Nov 25, 2024 at 08:40 am

How to Open a Contract Cooling-Off Period on DigiFinex

Introduction
DigiFinex, a reputable cryptocurrency exchange, offers a unique feature called the Contract Cooling-Off Period. This mechanism allows traders to suspend their futures contracts for a specified duration, providing them with an opportunity to step back, reassess their trading strategies, and manage risks effectively.

Prerequisites
Before initiating a contract cooling-off period, traders must ensure the following prerequisites are met:

  • Hold an active futures contract on DigiFinex
  • Possess sufficient funds in their trading account to cover the liquidation threshold of the contract
  • Ensure the contract is eligible for the cooling-off period (contracts close to expiry or with substantial open interest may not be eligible)

Step-by-Step Guide

  1. Log into DigiFinex: Access the DigiFinex platform and sign in to your trading account using your registered credentials.
  2. Navigate to the "Futures" Section: Once logged in, click on the "Futures" tab located at the top of the screen.
  3. Select the Relevant Contract: From the list of available futures contracts, choose the contract you wish to suspend. Ensure you have an active contract with sufficient margin.
  4. Open the Contract Details Page: Click on the "Details" button associated with the selected contract to view the contract details page.
  5. Locate the "Cooling-Off" Option: Scroll down the contract details page and find the "Cooling-Off" section. Click on the "Request" button to initiate the cooling-off period.
  6. Set the Cooling-Off Duration: A pop-up window will appear, allowing you to specify the duration of the cooling-off period. Select the desired duration (1 hour, 4 hours, or 24 hours) from the drop-down menu.
  7. Confirm the Request: Review the details of your request, including the contract, duration, and time of suspension. Once satisfied, enter your 2FA code and click on the "Confirm" button to complete the process.
  8. Verify Successful Activation: The contract cooling-off period will be applied successfully if all the prerequisites are met and the request is processed without errors. You can verify this by checking the "Status" column in the "Contracts" section, which will now display "Cooling-Off" for the selected contract.

Important Note
During the cooling-off period, the following restrictions apply:

  • No new positions can be opened for the affected contract
  • Existing positions within the cooling-off contract will be closed at the market price if the liquidation price is reached
  • The cooling-off period cannot be canceled or shortened once initiated

Conclusion
The contract cooling-off period on DigiFinex provides a valuable mechanism for traders to manage their futures trading activities more effectively. By utilizing this feature, traders can pause their contracts, reassess their strategies, and safeguard their capital against potential losses. Remember to carefully consider the eligibility criteria and duration of the cooling-off period before activation to ensure it aligns with your trading objectives.

Disclaimer:info@kdj.com

The information provided is not trading advice. kdj.com does not assume any responsibility for any investments made based on the information provided in this article. Cryptocurrencies are highly volatile and it is highly recommended that you invest with caution after thorough research!

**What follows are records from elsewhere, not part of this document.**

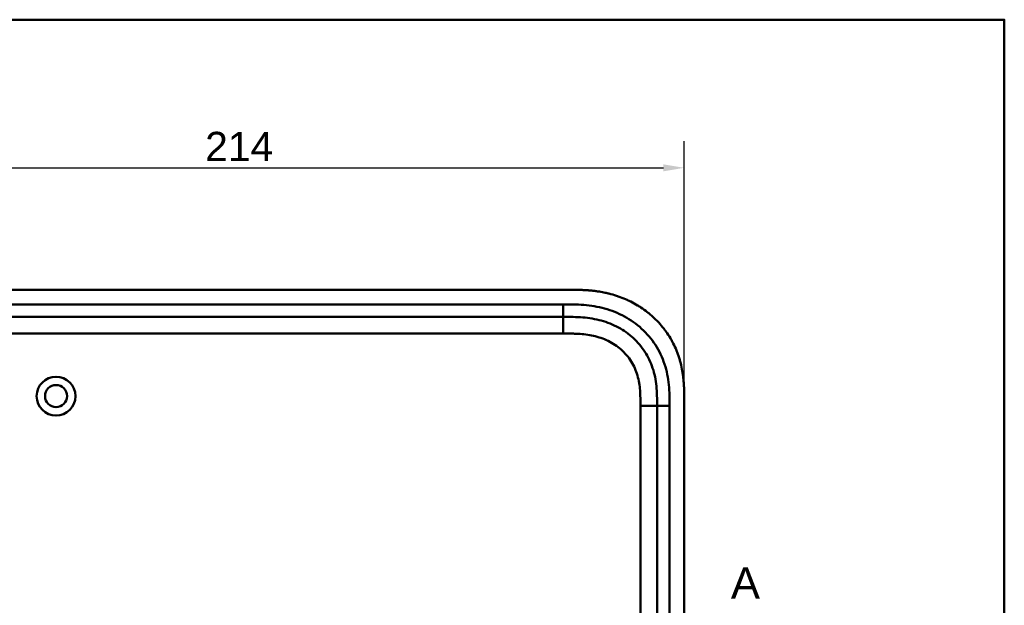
# Model space of a CAD drawing. Header units: millimetres. Extents: x 20 to 833, y 20 to 574.
# Tile 10 of 10: x 584 to 820, y 434 to 574. Entities that reach past the tile are written whole.
import ezdxf

# ---------------------------------------------------------------- set-up
doc = ezdxf.new("R2010")
doc.units = ezdxf.units.MM
doc.header["$LTSCALE"] = 2
for name, color, linetype, lineweight in [('Bemaßungen(DIN)', 7, 'Continuous', 25), ('Schnittansichtslinien(DIN)', 7, 'Continuous', 70), ('Sichtbare Kanten(DIN)', 7, 'Continuous', 50), ('Sichtbare tangentiale Kanten(DIN)', 7, 'Continuous', 50), ('Skizziergeometrie(DIN)', 7, 'Continuous', 50)]:
    doc.layers.add(name, color=color, linetype=linetype, lineweight=lineweight)
doc.styles.add('Aktuell-DINGroßer Text', font='arial.ttf')
doc.styles.add('STANDARD-DIN~0', font='arial.ttf')
doc.dimstyles.new('CAD-LAN', dxfattribs={"dimscale": 2, "dimtxt": 3.5, "dimasz": 2.5, "dimexe": 3.175, "dimexo": 0, "dimgap": 0.8, "dimtad": 1, "dimrnd": 1e-08, "dimtxsty": 'STANDARD-DIN~0', "dimcen": 0.09, "dimdle": 10, "dimclrd": 250, "dimclre": 250, "dimclrt": 250, "dimadec": 0, "dimazin": 2, "dimtfac": 1, "dimtmove": 0, "dimatfit": 3, "dimfxl": 1, "dimtolj": 1, "dimtzin": 0, "dimlwd": 25, "dimlwe": 25, "dimarcsym": 0})

# ---------------------------------------------------------------- blocks, each defined once
blk = doc.blocks.new('Ränder Standardrahmen')
at = {"layer": 'Skizziergeometrie(DIN)', "flags": 128}
blk.add_lwpolyline([(10, 10), (10, 287), (410, 287), (410, 10), (10, 10)], dxfattribs=at)
blk = doc.blocks.new('2DTransSchnitt0')
at = {"layer": 'Schnittansichtslinien(DIN)', "insert": (377.25, 217.64), "char_height": 3.73, "attachment_point": 7, "style": 'Aktuell-DINGroßer Text'}
blk.add_mtext('A', dxfattribs=at)
blk = doc.blocks.new('*D22')
at = {"layer": 'Bemaßungen(DIN)', "color": 250, "linetype": 'Continuous', "lineweight": 25, "true_color": 0x3f3f3f, "transparency": 16777216}
for p, q in [((529.31, 482.5), (529.31, 544.85)), ((743.31, 482.5), (743.31, 544.85)), ((534.31, 538.5), (738.31, 538.5))]:
    blk.add_line(p, q, dxfattribs=at)
at = {"layer": 'Bemaßungen(DIN)', "color": 250, "linetype": 'Continuous', "true_color": 0x3f3f3f, "transparency": 16777216}
for points in [[(534.31, 539.33), (534.31, 537.66), (529.31, 538.5)], [(738.31, 539.33), (738.31, 537.66), (743.31, 538.5)]]:
    blk.add_solid(points, dxfattribs=at)
at = {"layer": 'Defpoints', "color": 0, "linetype": 'Continuous', "transparency": 16777216}
for p in [(743.31, 538.5), (529.31, 482.5), (743.31, 482.5)]:
    blk.add_point(p, dxfattribs=at)
at = {"layer": 'Bemaßungen(DIN)', "color": 250, "linetype": 'Continuous', "lineweight": 25, "true_color": 0x3f3f3f, "transparency": 16777216, "insert": (628.53, 547.12), "char_height": 7, "attachment_point": 1, "style": 'STANDARD-DIN~0'}
blk.add_mtext('\\A1;214', dxfattribs=at)

msp = doc.modelspace()

# ---------------------------------------------------------------- linework, layer by layer
at = {"layer": 'Sichtbare Kanten(DIN)'}
for p, q in [((715.272, 509.281), (556.35, 509.281)), ((714.273, 502.781), (569.349, 502.781)), ((736.811, 292.065), (736.811, 481.496)), ((743.311, 291.065), (743.311, 482.496))]:
    msp.add_line(p, q, dxfattribs=at)
for radius in [4.65, 2.65]:
    msp.add_circle((592.811, 483.781), radius, dxfattribs=at)
for points, knots in [([(743.311, 482.496), (743.311, 482.795), (743.311, 483.394), (743.305, 484.147), (743.292, 484.904), (743.275, 485.512), (743.241, 486.275), (743.203, 486.887), (743.128, 487.805), (743.026, 488.725), (742.815, 490.103), (742.56, 491.32), (742.153, 492.823), (741.753, 494.006), (741.161, 495.45), (740.615, 496.575), (739.845, 497.933), (739.16, 498.978), (738.226, 500.228), (737.418, 501.179), (736.337, 502.303), (735.419, 503.147), (734.212, 504.13), (733.201, 504.859), (731.886, 505.692), (730.797, 506.295), (729.395, 506.968), (728.245, 507.441), (726.778, 507.95), (725.585, 508.291), (724.228, 508.604), (723.316, 508.774), (722.402, 508.915), (721.791, 508.995), (721.028, 509.078), (720.417, 509.133), (719.654, 509.187), (719.044, 509.22), (718.132, 509.255), (716.921, 509.28), (715.87, 509.281), (715.272, 509.281)], [0.00000945, 0.00000945, 0.00000945, 0.00000945, 0.02084254, 0.04167563, 0.05209218, 0.07292527, 0.08334182, 0.10417491, 0.11459146, 0.14584109, 0.16667419, 0.20834037, 0.22917346, 0.27083965, 0.29167274, 0.33333892, 0.35417201, 0.3958382, 0.41667129, 0.45833747, 0.47917057, 0.52083675, 0.54166984, 0.58333603, 0.60416912, 0.6458353, 0.66666839, 0.70833458, 0.72916767, 0.77083385, 0.79166695, 0.82291658, 0.83333313, 0.85416622, 0.86458277, 0.88541586, 0.89583241, 0.9166655, 0.92708204, 0.95833168, 0.99999787, 0.99999787, 0.99999787, 0.99999787]), ([(736.811, 481.496), (736.811, 482.296), (736.809, 483.88), (736.679, 486.186), (736.349, 488.404), (735.602, 491.232), (734.043, 494.511), (731.212, 497.853), (727.628, 500.396), (724.194, 501.758), (721.276, 502.396), (719.011, 502.672), (716.674, 502.779), (715.078, 502.781), (714.273, 502.781)], [41.2275228, 41.2275228, 41.2275228, 41.2275228, 41.4710255, 41.7145268, 41.9580281, 42.2015293, 42.6885319, 43.1755344, 43.662537, 44.1495395, 44.3930408, 44.6365421, 44.8800433, 45.1235454, 45.1235454, 45.1235454, 45.1235454])]:
    msp.add_open_spline(points, degree=3, knots=knots, dxfattribs=at)
at = {"layer": 'Sichtbare tangentiale Kanten(DIN)'}
for p, q in [((569.349, 505.781), (714.273, 505.781)), ((714.273, 502.781), (714.273, 505.781)), ((714.273, 502.781), (714.273, 498.781)), ((714.273, 498.781), (569.349, 498.781)), ((732.811, 481.496), (736.811, 481.496)), ((732.811, 292.065), (732.811, 481.496)), ((736.811, 481.496), (739.811, 481.496)), ((739.811, 481.496), (739.811, 292.065))]:
    msp.add_line(p, q, dxfattribs=at)
for points, knots in [([(714.273, 505.781), (715.078, 505.781), (716.725, 505.78), (719.249, 505.666), (721.771, 505.359), (725.088, 504.637), (729.066, 503.062), (733.258, 500.091), (736.59, 496.159), (738.428, 492.29), (739.295, 489), (739.669, 486.477), (739.81, 483.943), (739.811, 482.296), (739.811, 481.496)], [41.2275225, 41.2275225, 41.2275225, 41.2275225, 41.4710252, 41.7145264, 41.9580277, 42.201529, 42.6885315, 43.1755341, 43.6625366, 44.1495392, 44.3930404, 44.6365417, 44.880043, 45.123546, 45.123546, 45.123546, 45.123546]), ([(732.107, 488.741), (731.936, 489.331), (731.729, 489.904), (731.487, 490.453), (731.237, 491.018), (730.944, 491.571), (730.615, 492.096), (730.284, 492.624), (729.911, 493.132), (729.507, 493.607), (729.101, 494.083), (728.657, 494.534), (728.188, 494.948), (727.72, 495.36), (727.221, 495.742), (726.7, 496.087), (726.18, 496.431), (725.636, 496.741), (725.077, 497.014), (724.518, 497.287), (723.937, 497.525), (723.35, 497.727), (723.347, 497.728), (723.343, 497.729), (723.34, 497.73), (722.76, 497.928), (722.164, 498.094), (721.565, 498.229), (721.559, 498.23), (721.554, 498.231), (721.549, 498.232), (720.959, 498.363), (720.367, 498.464), (719.767, 498.542), (719.758, 498.543), (719.748, 498.544), (719.739, 498.545), (719.146, 498.621), (718.558, 498.673), (717.941, 498.709), (717.933, 498.709), (717.926, 498.71), (717.919, 498.71), (717.613, 498.728), (717.319, 498.741), (717.017, 498.751), (716.708, 498.761), (716.399, 498.767), (716.091, 498.772), (715.483, 498.781), (714.878, 498.781), (714.273, 498.781)], [0, 0, 0, 0, 0.1818471, 0.1818471, 0.1818471, 0.3687122, 0.3687122, 0.3687122, 0.5566899, 0.5566899, 0.5566899, 0.7451003, 0.7451003, 0.7451003, 0.9328992, 0.9328992, 0.9328992, 1.1203708, 1.1203708, 1.1203708, 1.3077792, 1.3077792, 1.3077792, 1.3088638, 1.3088638, 1.3088638, 1.4939899, 1.4939899, 1.4939899, 1.4956398, 1.4956398, 1.4956398, 1.6777905, 1.6777905, 1.6777905, 1.6806002, 1.6806002, 1.6806002, 1.8606637, 1.8606637, 1.8606637, 1.8628262, 1.8628262, 1.8628262, 1.9520853, 1.9520853, 1.9520853, 2.0438684, 2.0438684, 2.0438684, 2.2253748, 2.2253748, 2.2253748, 2.2253748]), ([(732.811, 481.496), (732.811, 481.732), (732.811, 481.967), (732.81, 482.202), (732.81, 482.346), (732.809, 482.49), (732.808, 482.634), (732.808, 482.705), (732.807, 482.777), (732.806, 482.849), (732.805, 482.993), (732.803, 483.137), (732.8, 483.28), (732.799, 483.356), (732.797, 483.433), (732.796, 483.509), (732.794, 483.585), (732.792, 483.661), (732.79, 483.737), (732.786, 483.89), (732.781, 484.042), (732.774, 484.2), (732.762, 484.508), (732.746, 484.802), (732.723, 485.107), (732.723, 485.115), (732.722, 485.122), (732.722, 485.13), (732.676, 485.746), (732.61, 486.335), (732.514, 486.924), (732.512, 486.933), (732.511, 486.942), (732.509, 486.951), (732.41, 487.549), (732.28, 488.14), (732.116, 488.71), (732.113, 488.72), (732.11, 488.731), (732.107, 488.741)], [0, 0, 0, 0, 0.07060207, 0.07060207, 0.07060207, 0.11373454, 0.11373454, 0.11373454, 0.13530078, 0.13530078, 0.13530078, 0.17843325, 0.17843325, 0.17843325, 0.20129346, 0.20129346, 0.20129346, 0.22415366, 0.22415366, 0.22415366, 0.26987408, 0.26987408, 0.26987408, 0.35911937, 0.35911937, 0.35911937, 0.36131491, 0.36131491, 0.36131491, 0.54166811, 0.54166811, 0.54166811, 0.54438603, 0.54438603, 0.54438603, 0.72751094, 0.72751094, 0.72751094, 0.73075248, 0.73075248, 0.73075248, 0.73075248])]:
    msp.add_open_spline(points, degree=3, knots=knots, dxfattribs=at)

# ---------------------------------------------------------------- block references
at = {"xscale": 2, "yscale": 2, "zscale": 2}
msp.add_blockref('Ränder Standardrahmen', (0, 0), dxfattribs=at)
at = {"layer": 'Schnittansichtslinien(DIN)', "xscale": 2, "yscale": 2, "zscale": 2}
msp.add_blockref('2DTransSchnitt0', (0, 0), dxfattribs=at)

# ---------------------------------------------------------------- dimensions: what is measured, and where the dimension line sits
at = {"layer": 'Bemaßungen(DIN)', "color": 250, "linetype": 'Continuous', "lineweight": 25, "true_color": 0x3f3f3f}
dim = msp.add_linear_dim(base=(743.311, 538.496), p1=(529.311, 482.496), p2=(743.311, 482.496), angle=180, dimstyle='CAD-LAN', override={"dimgap": 0.8, "dimdec": 2, "dimtol": 0, "dimlim": 0, "dimtp": 0, "dimtm": 0, "dimtdec": 2, "dimtofl": 0, "dimatfit": 1}, dxfattribs=at)
dim.commit()
dim.dimension.update_dxf_attribs({"geometry": '*D22', "text_midpoint": (636.311, 538.496), "dimtype": 160})

doc.saveas('drawing.dxf')

If you believe that the content used on this website infringes your copyright, please contact us immediately (info@kdj.com) and we will delete it promptly.

Related knowledge

How does Tail Protection reduce the loss of liquidation?

How does Tail Protection reduce the loss of liquidation?

Apr 11,2025 at 01:50am

Introduction to Tail Protection in CryptocurrencyTail Protection is a mechanism designed to mitigate the risks associated with liquidation in cryptocurrency trading. Liquidation occurs when a trader's position is forcibly closed by the exchange due to insufficient margin to cover potential losses. This often happens in leveraged trading, where traders b...

What are the consequences of an imbalance in the long-short ratio?

What are the consequences of an imbalance in the long-short ratio?

Apr 13,2025 at 02:50pm

The long-short ratio is a critical metric in the cryptocurrency trading world, reflecting the balance between bullish and bearish sentiments among traders. An imbalance in this ratio can have significant consequences on the market dynamics, affecting everything from price volatility to trading strategies. Understanding these consequences is essential fo...

How to judge the market trend by the position volume?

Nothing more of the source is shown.